Kamil Łaszczyk (11-0,
6 KO) vs Krzysztof Cieślak (18-4, 5 KO) 10 rund
Różnica klasy zarówno
pod względem umiejętności jak i samego podejścia do zawodu. Jedyne pytanie
odnośnie tej walki to jak Łaszczyk poradzi sobie z przeskokiem o 2 kategorie
wagowe wyżej niż walczył w ostatnich w walkach. Jako, że Cieślak nie jest dużym
lekkim to nie powinien mieć jednak z tym żadnych problemów. Łaszczyk wysoko na
punkty, albo przed czasem w końcowych rundach.
Paweł Głażewski (19-1,
5 KO) vs Bartłomiej Grafka (7-5, 2 KO) 10 rund
Grafka to twardy
chłopak, tylko raz przegrał przed czasem, ale w tej walce nie ma żadnych
argumentów.
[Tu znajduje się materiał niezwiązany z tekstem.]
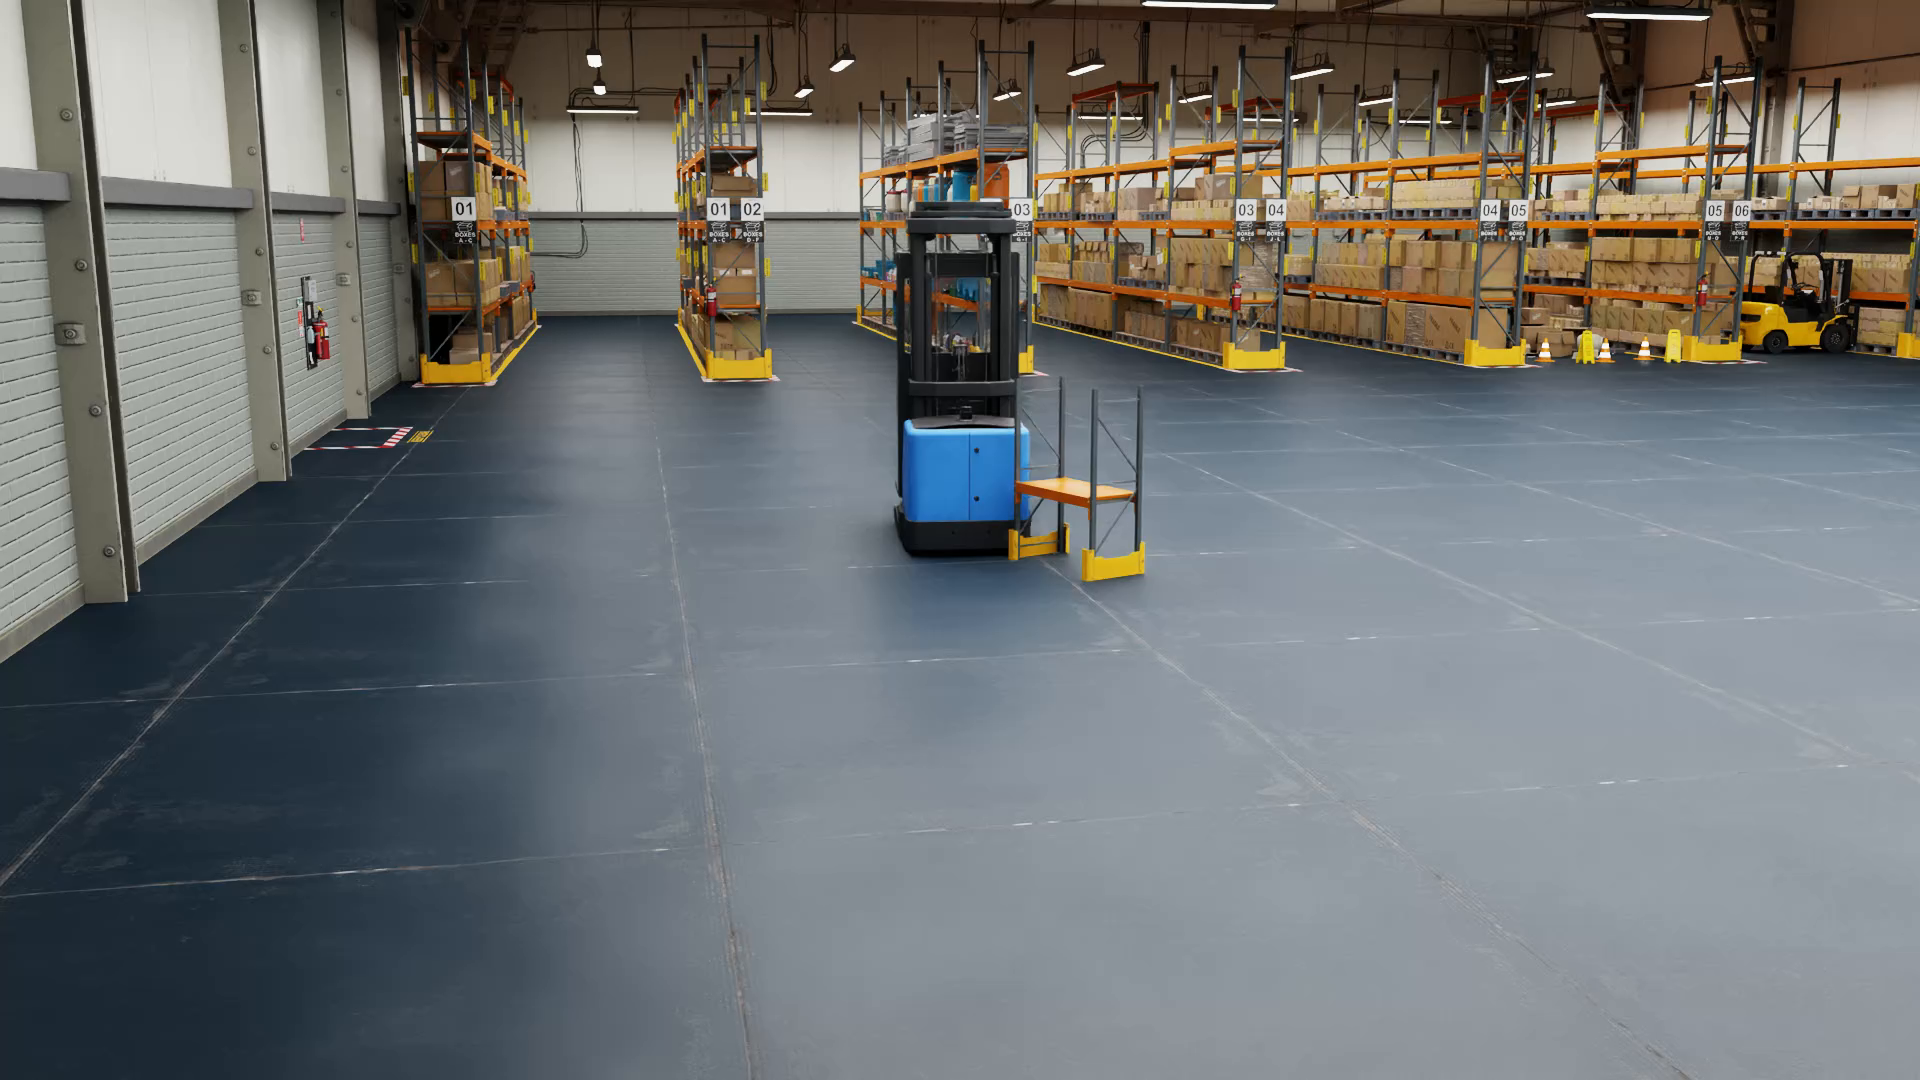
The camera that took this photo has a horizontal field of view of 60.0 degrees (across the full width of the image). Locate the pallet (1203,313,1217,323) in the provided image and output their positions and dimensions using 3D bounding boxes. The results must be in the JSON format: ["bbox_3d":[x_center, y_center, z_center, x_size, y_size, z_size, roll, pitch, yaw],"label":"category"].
[{"bbox_3d":[7.610,-6.355,47.519,1.003,0.211,1.213,-2,11,-11],"label":"pallet"}]

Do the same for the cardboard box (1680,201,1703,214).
[{"bbox_3d":[15.056,-6.783,33.893,0.500,0.250,0.500,-2,11,-12],"label":"cardboard box"}]

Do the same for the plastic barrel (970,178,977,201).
[{"bbox_3d":[0.494,-6.589,31.643,0.600,0.588,0.600,0,11,0],"label":"plastic barrel"}]

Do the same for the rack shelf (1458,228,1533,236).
[{"bbox_3d":[13.475,-8.107,43.169,1.077,0.370,4.000,-2,11,-11],"label":"rack shelf"}]

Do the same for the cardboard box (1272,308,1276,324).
[{"bbox_3d":[8.353,-5.796,42.686,0.500,0.500,0.500,-2,11,-10],"label":"cardboard box"}]

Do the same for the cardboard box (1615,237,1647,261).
[{"bbox_3d":[14.663,-6.297,36.019,0.700,0.500,0.500,-2,11,-12],"label":"cardboard box"}]

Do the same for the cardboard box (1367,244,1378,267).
[{"bbox_3d":[9.601,-6.413,37.427,0.700,0.500,0.500,-2,11,-12],"label":"cardboard box"}]

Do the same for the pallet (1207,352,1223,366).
[{"bbox_3d":[5.561,-3.587,32.976,1.003,0.211,1.213,-2,11,-11],"label":"pallet"}]

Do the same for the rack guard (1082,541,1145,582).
[{"bbox_3d":[1.215,0.167,13.152,0.587,0.250,0.087,-7,13,-33],"label":"rack guard"}]

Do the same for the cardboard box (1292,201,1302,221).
[{"bbox_3d":[8.557,-8.131,41.103,0.500,0.500,0.500,-2,11,-11],"label":"cardboard box"}]

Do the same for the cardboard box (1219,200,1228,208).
[{"bbox_3d":[5.242,-6.526,32.273,0.380,0.149,0.250,-3,11,-13],"label":"cardboard box"}]

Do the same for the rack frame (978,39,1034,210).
[{"bbox_3d":[0.840,-7.559,30.345,1.000,3.000,0.127,-2,11,-11],"label":"rack frame"}]

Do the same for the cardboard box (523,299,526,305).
[{"bbox_3d":[-11.246,-6.056,42.319,0.380,0.149,0.250,-2,11,-13],"label":"cardboard box"}]

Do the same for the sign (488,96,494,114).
[{"bbox_3d":[-9.120,-8.447,32.298,0.100,0.325,0.005,-2,11,-11],"label":"sign"}]

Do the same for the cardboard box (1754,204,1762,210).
[{"bbox_3d":[18.998,-7.864,39.249,0.380,0.149,0.250,-2,11,-11],"label":"cardboard box"}]

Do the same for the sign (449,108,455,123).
[{"bbox_3d":[-10.977,-9.182,35.950,0.100,0.325,0.005,-2,11,-11],"label":"sign"}]

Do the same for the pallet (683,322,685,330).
[{"bbox_3d":[-6.726,-5.614,43.628,1.003,0.211,1.213,-2,11,-11],"label":"pallet"}]

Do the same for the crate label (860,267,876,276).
[{"bbox_3d":[-2.546,-7.437,46.033,0.416,0.233,0.303,-2,11,-11],"label":"crate label"}]

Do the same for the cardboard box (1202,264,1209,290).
[{"bbox_3d":[5.349,-5.270,33.300,0.875,0.500,0.500,-2,11,-11],"label":"cardboard box"}]

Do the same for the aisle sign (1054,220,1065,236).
[{"bbox_3d":[2.867,-9.028,47.154,0.394,0.787,0.004,-2,11,-11],"label":"aisle sign"}]

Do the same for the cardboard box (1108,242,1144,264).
[{"bbox_3d":[4.016,-6.936,40.166,0.797,0.503,0.637,-2,11,-9],"label":"cardboard box"}]

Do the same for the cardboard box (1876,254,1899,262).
[{"bbox_3d":[19.880,-6.045,35.638,0.380,0.149,0.250,-2,11,-11],"label":"cardboard box"}]

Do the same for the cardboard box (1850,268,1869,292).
[{"bbox_3d":[19.743,-5.653,36.108,0.500,0.500,0.500,-2,11,-12],"label":"cardboard box"}]

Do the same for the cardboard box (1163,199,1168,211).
[{"bbox_3d":[4.640,-7.309,36.287,0.396,0.266,0.258,-2,11,-9],"label":"cardboard box"}]

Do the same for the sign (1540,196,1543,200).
[{"bbox_3d":[14.396,-8.367,41.228,0.100,0.325,0.005,-2,11,-11],"label":"sign"}]

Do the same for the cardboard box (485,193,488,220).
[{"bbox_3d":[-8.997,-6.147,30.628,0.500,0.500,0.500,-1,11,-7],"label":"cardboard box"}]

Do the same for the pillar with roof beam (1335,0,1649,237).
[{"bbox_3d":[14.480,-10.486,45.721,9.100,9.000,0.548,-2,11,-11],"label":"pillar with roof beam"}]

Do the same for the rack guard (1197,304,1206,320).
[{"bbox_3d":[7.486,-6.647,48.281,1.175,0.500,0.348,-2,11,-11],"label":"rack guard"}]

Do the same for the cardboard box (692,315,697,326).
[{"bbox_3d":[-5.651,-4.828,36.772,0.500,0.311,0.500,-2,11,-12],"label":"cardboard box"}]

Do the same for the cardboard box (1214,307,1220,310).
[{"bbox_3d":[7.398,-6.590,47.005,0.380,0.149,0.250,-2,11,-9],"label":"cardboard box"}]

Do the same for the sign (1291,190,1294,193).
[{"bbox_3d":[8.793,-9.097,44.010,0.100,0.325,0.005,-2,11,-11],"label":"sign"}]

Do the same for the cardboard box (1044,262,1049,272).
[{"bbox_3d":[2.617,-7.514,45.758,0.500,0.250,0.500,-2,11,-13],"label":"cardboard box"}]

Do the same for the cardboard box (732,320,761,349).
[{"bbox_3d":[-4.004,-3.855,31.152,0.500,0.500,0.500,-2,11,-11],"label":"cardboard box"}]

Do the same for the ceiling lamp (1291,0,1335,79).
[{"bbox_3d":[7.650,-11.416,34.997,0.800,3.185,2.000,-2,11,-11],"label":"ceiling lamp"}]

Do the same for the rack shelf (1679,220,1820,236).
[{"bbox_3d":[19.121,-7.554,40.267,1.077,0.370,4.000,-2,11,-11],"label":"rack shelf"}]

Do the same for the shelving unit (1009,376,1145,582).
[{"bbox_3d":[0.940,-0.525,13.443,0.587,1.500,1.083,-7,13,-33],"label":"shelving unit"}]

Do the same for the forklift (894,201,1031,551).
[{"bbox_3d":[-0.035,-1.575,15.132,1.130,2.935,3.031,-1,11,-4],"label":"forklift"}]

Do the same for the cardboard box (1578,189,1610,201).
[{"bbox_3d":[14.404,-7.840,37.782,0.500,0.250,0.500,-2,11,-10],"label":"cardboard box"}]

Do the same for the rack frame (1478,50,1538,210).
[{"bbox_3d":[10.584,-7.901,32.142,1.000,3.000,0.127,-2,11,-11],"label":"rack frame"}]

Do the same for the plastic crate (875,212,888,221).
[{"bbox_3d":[-1.984,-8.360,43.021,0.416,0.233,0.300,-2,11,-11],"label":"plastic crate"}]

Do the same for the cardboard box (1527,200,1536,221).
[{"bbox_3d":[14.038,-7.968,40.250,0.700,0.500,0.500,-2,11,-11],"label":"cardboard box"}]

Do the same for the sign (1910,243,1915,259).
[{"bbox_3d":[19.753,-6.002,34.477,0.100,0.325,0.005,-2,11,-11],"label":"sign"}]

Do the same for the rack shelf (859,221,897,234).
[{"bbox_3d":[-1.883,-8.300,44.184,1.077,0.370,4.000,-2,11,-11],"label":"rack shelf"}]

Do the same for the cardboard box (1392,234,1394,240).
[{"bbox_3d":[12.365,-8.585,47.103,0.380,0.149,0.250,-2,11,-12],"label":"cardboard box"}]

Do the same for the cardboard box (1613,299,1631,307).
[{"bbox_3d":[14.559,-5.192,36.441,0.380,0.149,0.250,-2,11,-9],"label":"cardboard box"}]

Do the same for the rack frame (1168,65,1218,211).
[{"bbox_3d":[4.921,-8.473,35.146,1.000,3.000,0.127,-2,11,-11],"label":"rack frame"}]

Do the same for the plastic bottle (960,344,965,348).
[{"bbox_3d":[0.053,-3.775,32.813,0.097,0.201,0.097,0,11,0],"label":"plastic bottle"}]

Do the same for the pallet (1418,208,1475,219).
[{"bbox_3d":[10.188,-6.744,34.322,1.003,0.211,1.213,-2,11,-11],"label":"pallet"}]

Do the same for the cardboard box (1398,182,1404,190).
[{"bbox_3d":[9.594,-7.559,35.516,0.380,0.149,0.250,-2,11,-11],"label":"cardboard box"}]

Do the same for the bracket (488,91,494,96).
[{"bbox_3d":[-12.934,-12.302,45.638,0.235,0.232,0.430,-2,11,-11],"label":"bracket"}]

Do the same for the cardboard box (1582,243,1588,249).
[{"bbox_3d":[14.585,-6.901,39.011,0.380,0.149,0.250,-1,11,-8],"label":"cardboard box"}]

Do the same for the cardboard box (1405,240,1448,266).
[{"bbox_3d":[10.065,-6.126,35.573,0.875,0.550,0.550,-2,11,-11],"label":"cardboard box"}]

Nigdy też nie walczył na tak długim dystansie, stąd trudno
powiedzieć jak wytrzyma tą walkę kondycyjnie, ale wydaje mi się, że może mieć z
tym problem. Prognoza na walkę identyczna jak w przypadku Łaszczyka.
Dariusz Sęk (17-0-1,
6 KO) vs Remigiusz Wóz (5-0, 1 KO) 8 rund
Przeciwnik Sęka mimo,
że niepokonany to nawet dla mocno zorientowanych w polskim boksie zupełny
anonim. Od 2007 r stoczył tylko 5 walk, stąd przypuszczenie, że boks traktuje
tylko jako hobby. Wszystkie swoje walki co prawda wygrał, ale nie ma nawet
sensu przytaczać nazwisk jego oponentów. Sylwetka Sęka jest już doskonale znana
polskim kibicom pięściarstwa. Kolejny podopieczny Andrzeja Gmitruka, który podczas
walki stawia ringową inteligencję i technikę nad próbę znokautowania rywala za
wszelką cenę i wychodzi dotąd na tym bardzo dobrze. Już teraz ma na rozkładzie
kilku solidnych rywali, a na horyzoncie walkę o mistrzostwo Unii Europejskiej,
a później zapewne też i o tytuł EBU. Mimo, że Sęk nie jest królem nokautu to
stawiam, że tym razem wygra przed czasem.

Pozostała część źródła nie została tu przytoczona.